Behind all 3D graphics programs is the graphics rendering pipeline. This is the underlying tool which is used to render a two-dimensional image from a scene.

In this section, we discuss what this pipeline is and its various stages.

An Overview of the Pipeline

Pipeline Stages

Like other pipelines, the rendering pipeline describes the process in which we take a 3D scene, and transform its data to produce a 2D image. It consists of multiple stages, which collectively work together to render a scene!

Variety of Rendering Pipelines

While this describes a general model for rendering, this is not the only possible rendering pipeline!

This pipeline is mostly used in real-time rendering, and offline rendering pipelines have evolved a lot differently.

This pipeline not only provides a conceptual model for how rendering takes place, but a practical one! Many graphics APIs let you program these stages to customize your own rendering.

The graphics pipeline is roughly divided into 4 stages:

  1. Application Stage: The program that runs on the CPU, including tasks such as input handling, collision detection, animation, and others.
  2. Geometry Processing Stage: Handles transforms, projections, and other geometry operations to determine what can be drawn and where it should be drawn.
  3. Rasterization Stage: Finds all pixels that are considered inside the input triangles.
  4. Pixel Processing Stage: Executes a program per pixel to determine its color, and other per-pixel operations.
graph LR
    1[Application Stage] -.-> 2[Geometry Processing Stage] -.-> 3[Rasterization Stage] -.-> 4[Pixel Processing Stage];

Each of these stages are described more later. Note that each of these stages is typically a pipeline in itself with several substages.

Parallelism in the Graphics Pipeline

One of the major advantages of the graphics pipeline is that it is highly parallelizable! With the advent of the modern GPU, we can execute stages in parallel, letting us process huge quantities of data in real time (which is absolutely necessary for rendering).

More information about this is covered in Parallelization With GPUs

Substages in the pipeline all have varying levels of programmability. They range from fully programmable (), to configurable but not programmable (), to completely fixed ().

We will use these symbols to denote their programmability.

Over time, the graphics pipeline has evolved to have higher levels of programmability. A major step in this transition, was the introduction of stages we can completely customize using programmable shaders!

Features common to all of these programmable shaders are discussed next.
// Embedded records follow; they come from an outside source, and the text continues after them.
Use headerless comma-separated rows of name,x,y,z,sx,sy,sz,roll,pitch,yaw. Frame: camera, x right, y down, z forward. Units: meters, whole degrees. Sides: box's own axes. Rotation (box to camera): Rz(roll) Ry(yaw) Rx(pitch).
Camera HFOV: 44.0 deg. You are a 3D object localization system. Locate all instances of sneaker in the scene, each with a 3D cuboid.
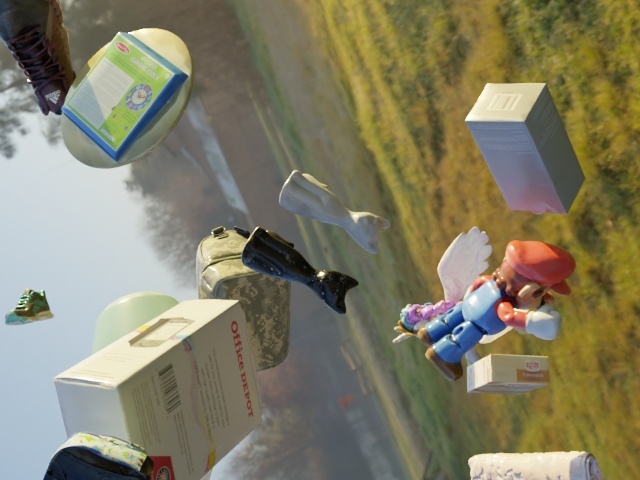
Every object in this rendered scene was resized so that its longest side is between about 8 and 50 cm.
sneaker,-0.648,0.145,1.743,0.166,0.064,0.076,1,-101,-87
sneaker,-0.431,-0.284,1.240,0.281,0.106,0.163,139,114,-86

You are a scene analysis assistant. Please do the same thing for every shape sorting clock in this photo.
shape sorting clock,-0.251,-0.185,1.027,0.040,0.206,0.206,35,-156,-56

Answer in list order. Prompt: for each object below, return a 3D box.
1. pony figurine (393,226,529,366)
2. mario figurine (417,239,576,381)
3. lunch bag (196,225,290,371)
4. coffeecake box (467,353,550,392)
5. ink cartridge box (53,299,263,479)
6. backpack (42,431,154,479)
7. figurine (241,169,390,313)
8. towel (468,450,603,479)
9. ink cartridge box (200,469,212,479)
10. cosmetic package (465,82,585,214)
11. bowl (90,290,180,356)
pony figurine,0.398,0.192,2.073,0.363,0.351,0.303,26,-152,-43
mario figurine,0.350,0.137,1.482,0.170,0.320,0.198,16,-143,-58
lunch bag,-0.211,0.147,1.975,0.256,0.212,0.305,40,136,52
coffeecake box,0.446,0.323,1.899,0.185,0.142,0.068,110,162,-70
ink cartridge box,-0.233,0.247,1.209,0.306,0.131,0.226,-33,-61,-58
backpack,-0.271,0.287,0.955,0.114,0.105,0.084,26,-171,-7
figurine,0.000,0.000,1.428,0.209,0.215,0.092,30,161,6
towel,0.416,0.562,1.494,0.331,0.053,0.317,-26,68,57
ink cartridge box,-0.295,0.510,1.658,0.218,0.092,0.159,130,158,-65
cosmetic package,0.371,-0.160,1.418,0.127,0.107,0.238,10,149,43
bowl,-0.472,0.247,2.109,0.312,0.311,0.163,72,177,-64
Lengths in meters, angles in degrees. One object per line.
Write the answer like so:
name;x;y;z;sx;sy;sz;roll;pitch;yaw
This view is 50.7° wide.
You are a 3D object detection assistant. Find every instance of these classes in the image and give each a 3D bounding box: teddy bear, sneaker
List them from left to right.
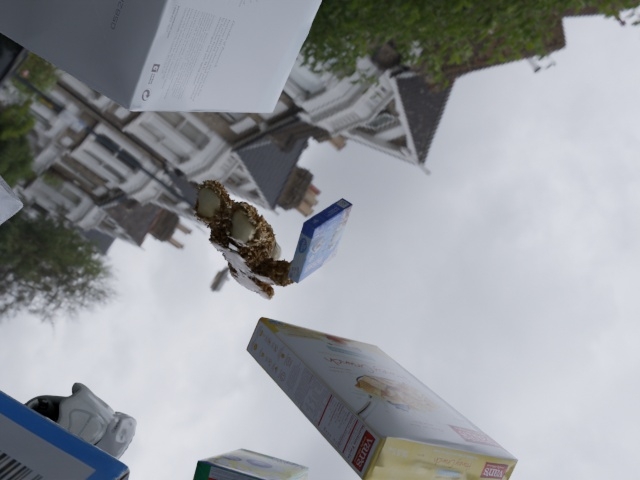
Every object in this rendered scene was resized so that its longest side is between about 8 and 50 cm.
sneaker;-0.401;0.279;0.955;0.292;0.118;0.110;-25;-153;20
teddy bear;-0.145;-0.006;1.367;0.245;0.338;0.113;21;-115;36

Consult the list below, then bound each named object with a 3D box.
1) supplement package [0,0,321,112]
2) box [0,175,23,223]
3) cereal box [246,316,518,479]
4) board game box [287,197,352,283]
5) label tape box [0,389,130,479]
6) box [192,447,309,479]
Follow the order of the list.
supplement package;-0.142;-0.255;0.648;0.199;0.198;0.263;-64;164;19
box;-0.430;-0.038;0.614;0.232;0.058;0.322;-44;-132;-12
cereal box;0.051;0.157;0.663;0.240;0.173;0.047;31;-81;55
board game box;0.000;0.000;0.867;0.090;0.020;0.090;-34;151;-47
label tape box;-0.255;0.214;0.377;0.106;0.241;0.333;-40;152;-59
box;-0.080;0.300;0.853;0.105;0.179;0.043;11;-101;14

Programmable Shader Stages

Modern shader programs use a unified shader architecture. This means that all of our various programmable shaders share the same instruction set architecture, and thus the same programming model.

Programming Shaders

We can program shaders using shading languages, such as the High-Level Shading Language (HLSL) for DirectX, and OpenGL Shading Language (GLSL) for OpenGL.

Processors implementing such a model allow the GPU to allocate their usage based on graphical needs, ensuring that work is ideally distributed to keep processors as busy as possible.
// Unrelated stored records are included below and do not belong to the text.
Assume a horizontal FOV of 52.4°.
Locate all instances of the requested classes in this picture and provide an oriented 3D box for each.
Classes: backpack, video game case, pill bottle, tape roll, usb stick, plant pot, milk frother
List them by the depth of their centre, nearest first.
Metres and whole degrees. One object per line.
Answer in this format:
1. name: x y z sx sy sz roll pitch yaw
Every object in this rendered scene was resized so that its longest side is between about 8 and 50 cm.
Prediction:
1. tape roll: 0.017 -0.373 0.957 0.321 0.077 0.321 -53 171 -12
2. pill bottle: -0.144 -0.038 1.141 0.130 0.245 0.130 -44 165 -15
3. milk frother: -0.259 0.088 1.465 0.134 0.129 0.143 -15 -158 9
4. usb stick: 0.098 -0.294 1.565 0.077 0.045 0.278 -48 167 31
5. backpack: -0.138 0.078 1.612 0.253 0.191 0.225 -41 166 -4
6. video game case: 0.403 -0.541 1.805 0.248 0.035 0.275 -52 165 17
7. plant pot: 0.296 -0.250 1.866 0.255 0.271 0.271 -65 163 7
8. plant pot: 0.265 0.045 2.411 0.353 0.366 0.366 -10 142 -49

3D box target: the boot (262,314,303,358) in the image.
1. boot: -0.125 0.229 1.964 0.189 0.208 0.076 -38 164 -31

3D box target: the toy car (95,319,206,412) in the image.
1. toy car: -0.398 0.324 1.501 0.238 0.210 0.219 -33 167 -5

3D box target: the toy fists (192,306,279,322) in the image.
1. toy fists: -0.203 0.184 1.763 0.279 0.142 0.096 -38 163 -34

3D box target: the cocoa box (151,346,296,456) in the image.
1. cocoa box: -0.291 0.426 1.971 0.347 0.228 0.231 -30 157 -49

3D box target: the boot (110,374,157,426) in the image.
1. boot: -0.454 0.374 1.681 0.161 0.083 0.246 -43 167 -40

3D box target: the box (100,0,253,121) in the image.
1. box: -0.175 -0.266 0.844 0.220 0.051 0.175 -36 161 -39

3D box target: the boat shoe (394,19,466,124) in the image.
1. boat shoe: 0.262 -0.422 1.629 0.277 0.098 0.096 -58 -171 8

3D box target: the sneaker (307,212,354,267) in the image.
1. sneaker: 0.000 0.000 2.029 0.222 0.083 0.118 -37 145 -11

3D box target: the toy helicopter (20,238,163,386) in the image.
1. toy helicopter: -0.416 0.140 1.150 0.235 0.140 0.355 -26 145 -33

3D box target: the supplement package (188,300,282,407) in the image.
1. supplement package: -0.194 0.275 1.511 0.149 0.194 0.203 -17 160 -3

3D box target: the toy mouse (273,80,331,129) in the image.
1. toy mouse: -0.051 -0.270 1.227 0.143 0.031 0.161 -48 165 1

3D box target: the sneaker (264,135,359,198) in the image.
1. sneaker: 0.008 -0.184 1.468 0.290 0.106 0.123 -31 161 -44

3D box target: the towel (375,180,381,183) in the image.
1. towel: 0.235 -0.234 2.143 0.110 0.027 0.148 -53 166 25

Without such a unified model, we’d have to rigidly determine how many processors should be allocated for each shader type!
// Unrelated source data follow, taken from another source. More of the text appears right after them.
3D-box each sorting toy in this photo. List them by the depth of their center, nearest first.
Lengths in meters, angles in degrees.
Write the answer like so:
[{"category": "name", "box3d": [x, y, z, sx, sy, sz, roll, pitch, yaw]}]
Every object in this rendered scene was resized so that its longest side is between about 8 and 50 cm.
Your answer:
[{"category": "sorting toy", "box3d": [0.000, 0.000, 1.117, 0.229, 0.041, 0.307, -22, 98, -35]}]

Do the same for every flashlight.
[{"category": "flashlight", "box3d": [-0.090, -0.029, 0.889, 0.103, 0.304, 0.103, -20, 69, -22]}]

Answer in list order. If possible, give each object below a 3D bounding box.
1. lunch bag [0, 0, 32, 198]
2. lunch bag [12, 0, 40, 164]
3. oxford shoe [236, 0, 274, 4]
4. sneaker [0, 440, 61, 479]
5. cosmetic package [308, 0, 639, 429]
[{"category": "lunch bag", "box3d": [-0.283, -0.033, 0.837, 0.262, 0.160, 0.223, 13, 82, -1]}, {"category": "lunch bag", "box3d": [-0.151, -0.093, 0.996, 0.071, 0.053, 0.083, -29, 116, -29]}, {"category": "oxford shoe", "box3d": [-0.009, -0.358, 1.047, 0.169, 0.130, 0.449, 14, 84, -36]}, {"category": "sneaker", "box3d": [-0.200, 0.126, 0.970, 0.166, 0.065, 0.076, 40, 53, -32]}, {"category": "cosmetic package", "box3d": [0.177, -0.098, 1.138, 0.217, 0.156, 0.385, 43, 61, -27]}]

Everytime the application wants to draw a group of primitives, it invokes a draw call, which will execute the graphics pipeline (with its shaders) on these primitives. During a draw call, each shader stage has two types of inputs:

  • Uniform Inputs: Values that remain constant throughout a draw call (but can change between draw calls).
  • Varying Inputs: Data that a shader will take as input (which will change depending on the process), or data the shader will output.

Shaders support 32-bit single-precision floating point scalars and vectors, as well as arrays, structures, and matrices. Modern GPUs also suport 32-bit integerts, and 64-bit floats natively.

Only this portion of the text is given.